We are not persuaded that the result of the trial would have been the same even had a fuller warning been given. Accordingly, given the additional doubt as to whether there was evidence capable of being corroborative, on the charges of supply, as distinct from possession, the appeal should be upheld.
Statement of witness not called admitted by consentOne further matter should be mentioned. At the conclusion of the defence case, a written statement of a Mr Fogl was admitted by consent. In this statement Fogl suggested that the appellant and the witness Rodriguez had first met in January 1988. This suggestion contradicted Rodriguez's evidence that the two men had met in November 1987. Rodriguez said that, between then and 26 January 1988, the appellant had supplied him with heroin on some 20-40 occasions, a statement which appears unlikely to have been true, if they had first met in January. Fogl also stated that the appellant did not come to Canberra till January 1988. If the jury accepted the statement seriously at its face value, it should have weakened Rodriguez's evidence.

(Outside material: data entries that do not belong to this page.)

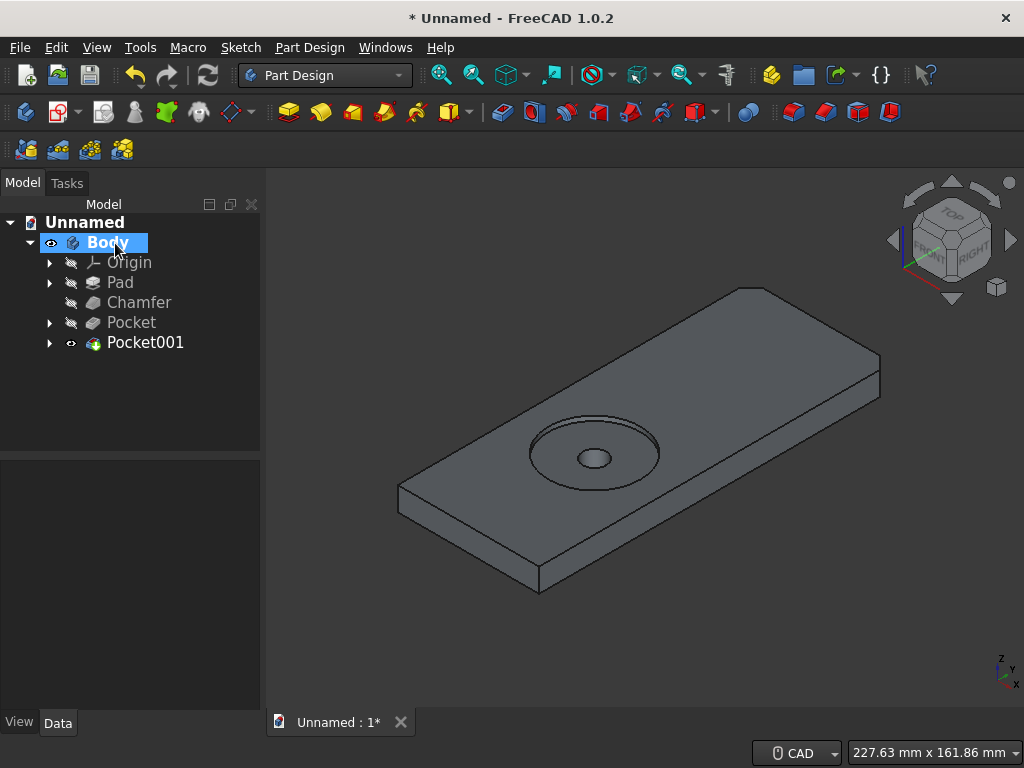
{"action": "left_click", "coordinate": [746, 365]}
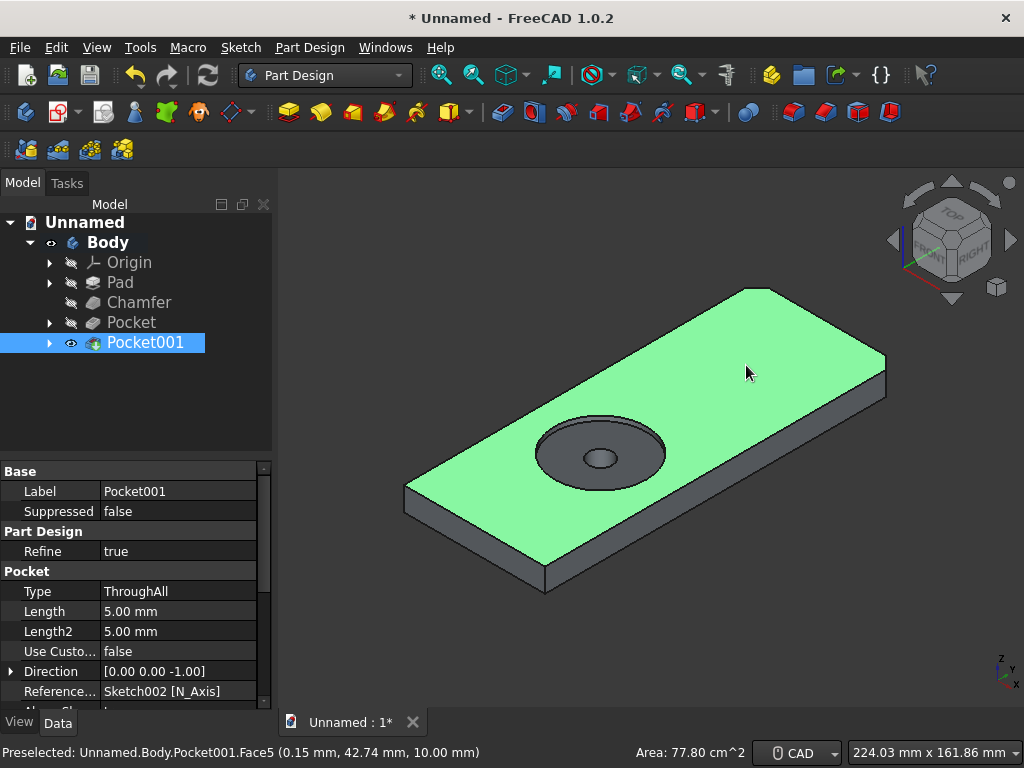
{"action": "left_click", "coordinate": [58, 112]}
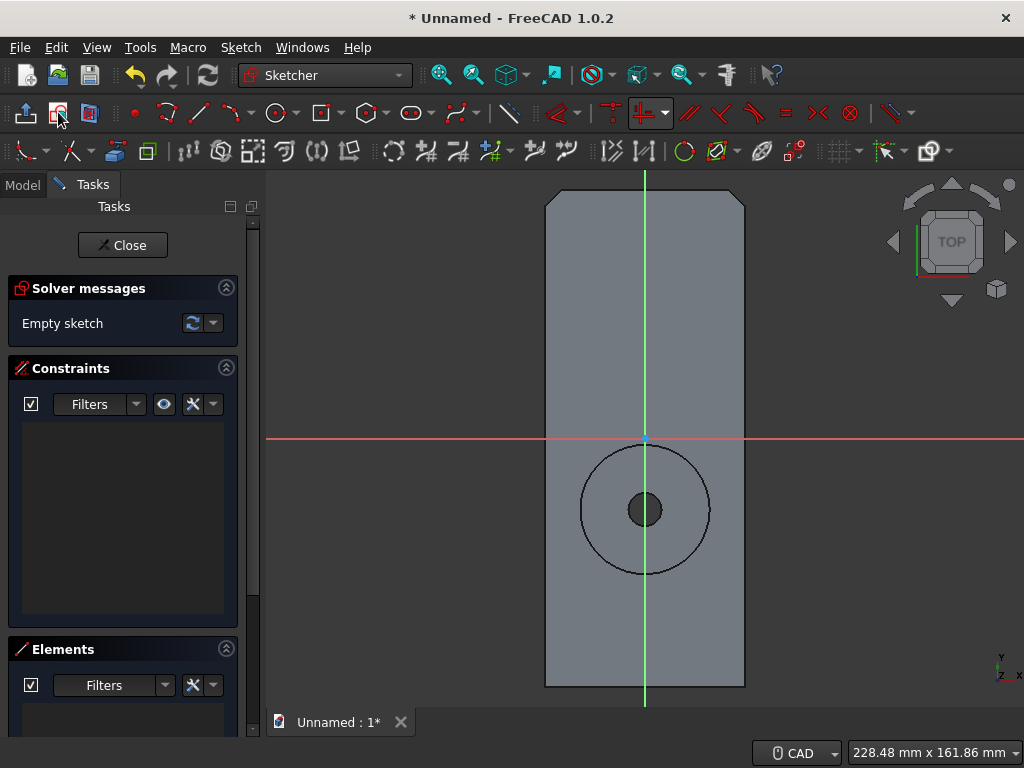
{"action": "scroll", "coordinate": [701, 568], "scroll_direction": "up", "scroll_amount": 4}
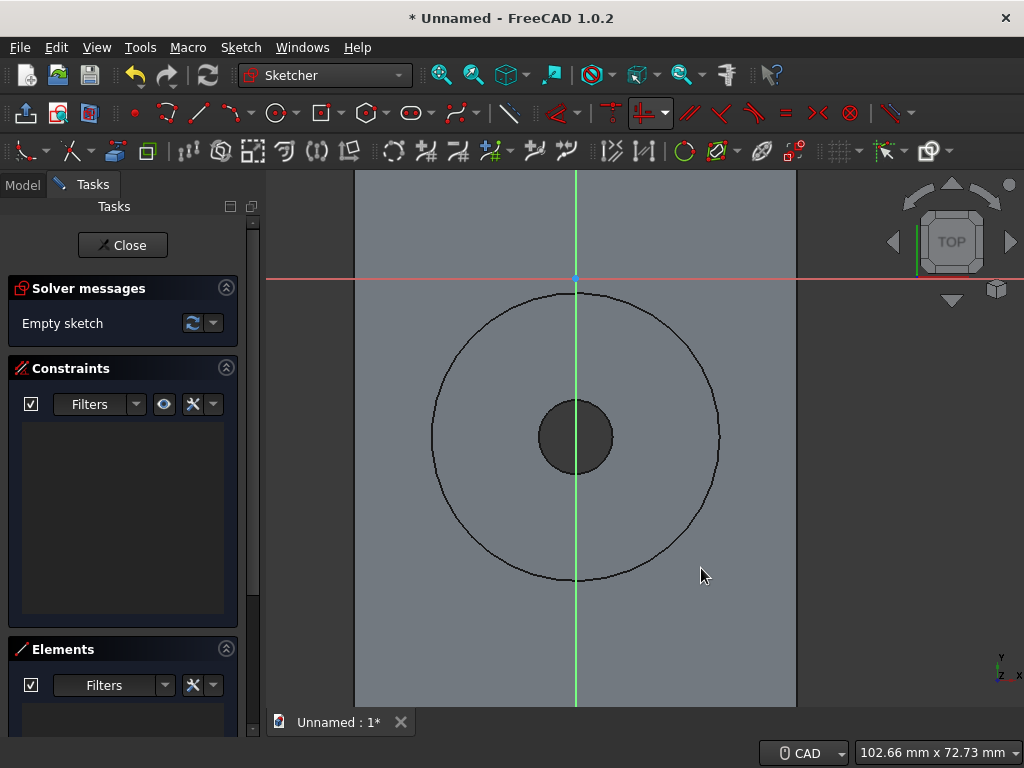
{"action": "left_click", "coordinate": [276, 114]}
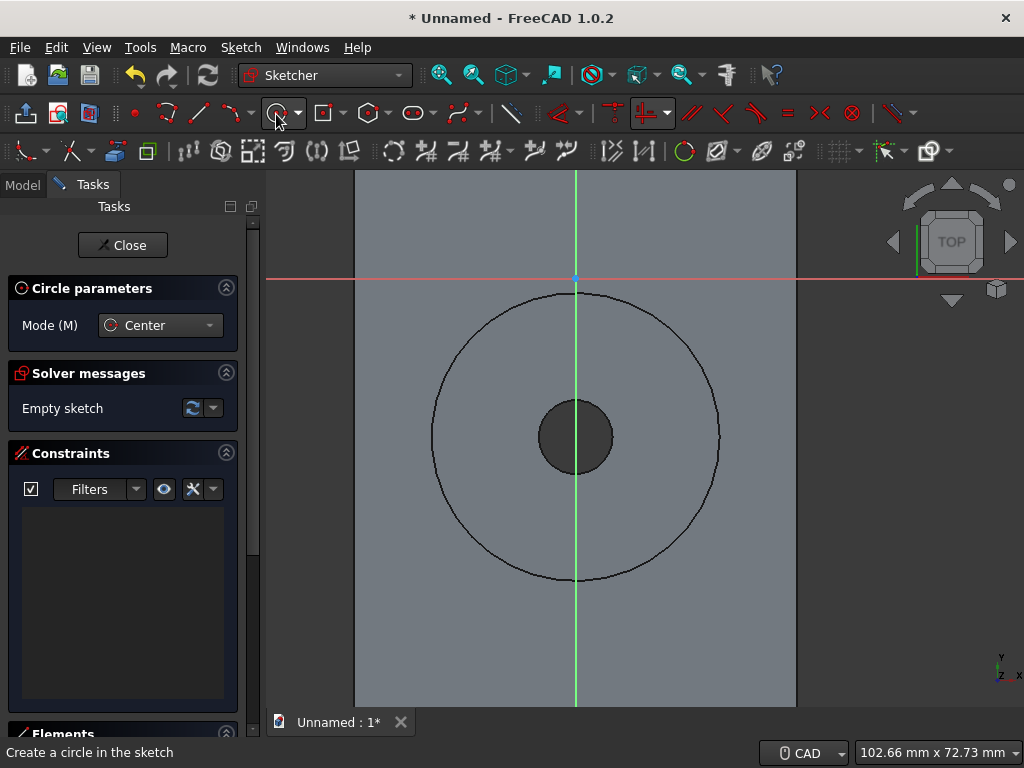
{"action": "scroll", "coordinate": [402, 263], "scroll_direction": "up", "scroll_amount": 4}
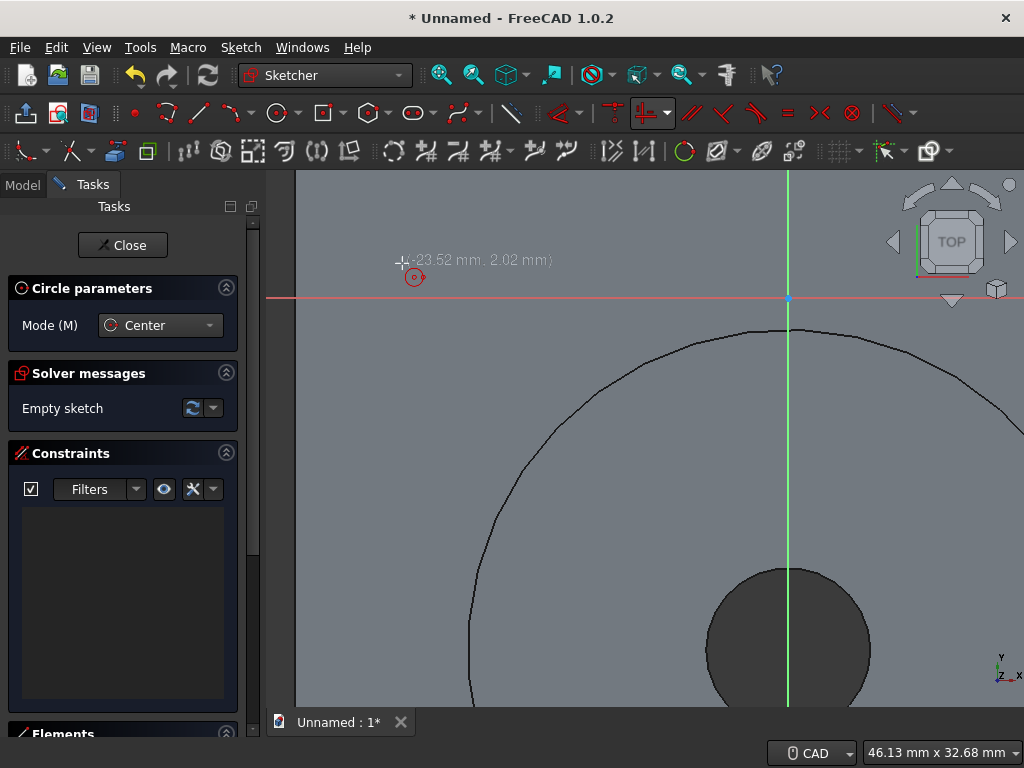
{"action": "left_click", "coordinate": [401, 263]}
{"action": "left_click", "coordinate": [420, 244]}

The basis on which the document was admitted was not made clear at the time. Its contents had not been a matter squarely put to Rodriguez, although something of the sort had been obliquely raised with him in cross-examination. Whilst we do not have the advantage of knowing what was submitted by counsel in address, it is curious that no reference is made to this statement in the summing up. What the jury made of the matter we do not know. They may not have adverted to it. But they should not have been put in the position of having to choose between Rodriguez's oral evidence and a written statement tendered by consent, without agreement by counsel as to whether Fogl's date was correct.
The convictions and sentences must be quashed and a new trial ordered. Accordingly, the severity ground does not arise.